EXTRACTED INFORMATION:
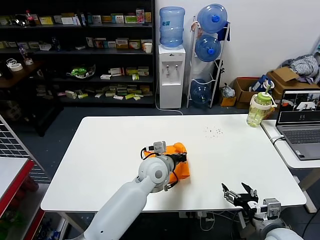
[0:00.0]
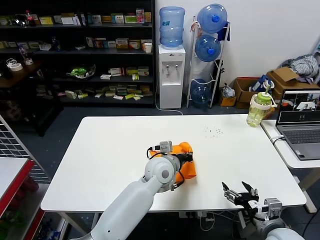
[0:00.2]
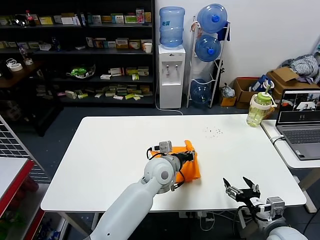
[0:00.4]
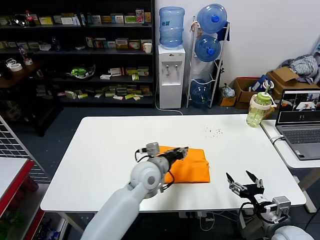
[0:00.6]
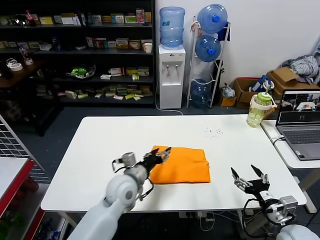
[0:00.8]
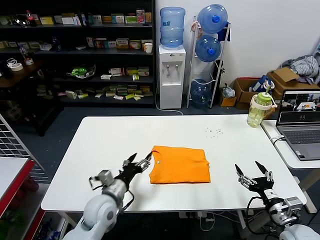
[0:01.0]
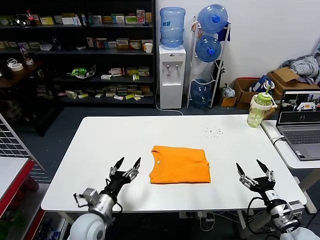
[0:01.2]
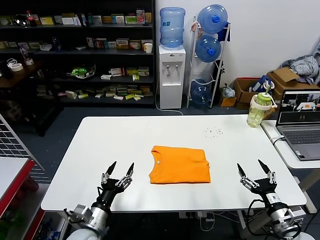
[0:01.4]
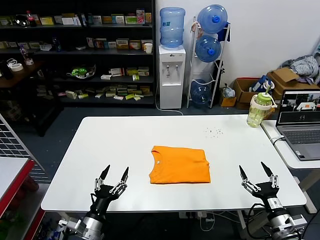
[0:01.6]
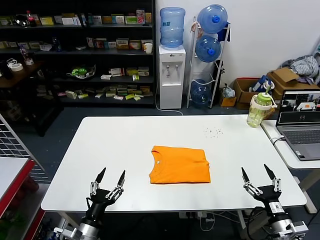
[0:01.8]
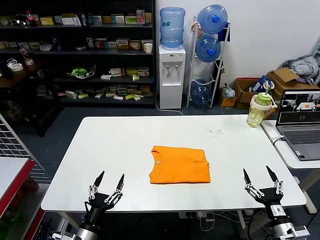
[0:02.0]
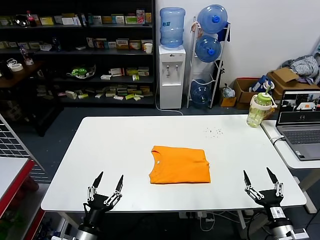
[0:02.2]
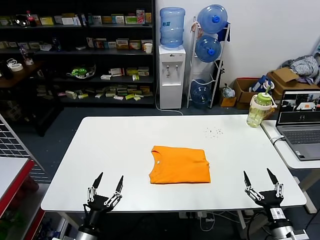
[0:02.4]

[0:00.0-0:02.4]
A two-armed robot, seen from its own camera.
Task of the whole recording: fold and organize the clothes.
0:00.0 to 0:01.2: The right gripper goes about 5 cm to the right. The left gripper shifts some 25 cm to the left, backward and downward, and opens up.
0:01.2 to 0:02.4: The right gripper moves about 5 cm. The left gripper goes about 10 cm backward.

INSTRUCTIONS FOR THE TASK: Starting at the first line of the material above and ending with the line that contains "[0:00.0-0:02.4]", reproduce every line exactly, and leave out the pictures.

ANSWER SPACE:
[0:00.0]
[0:00.2]
[0:00.4]
[0:00.6]
[0:00.8]
[0:01.0]
[0:01.2]
[0:01.4]
[0:01.6]
[0:01.8]
[0:02.0]
[0:02.2]
[0:02.4]

[0:00.0-0:02.4]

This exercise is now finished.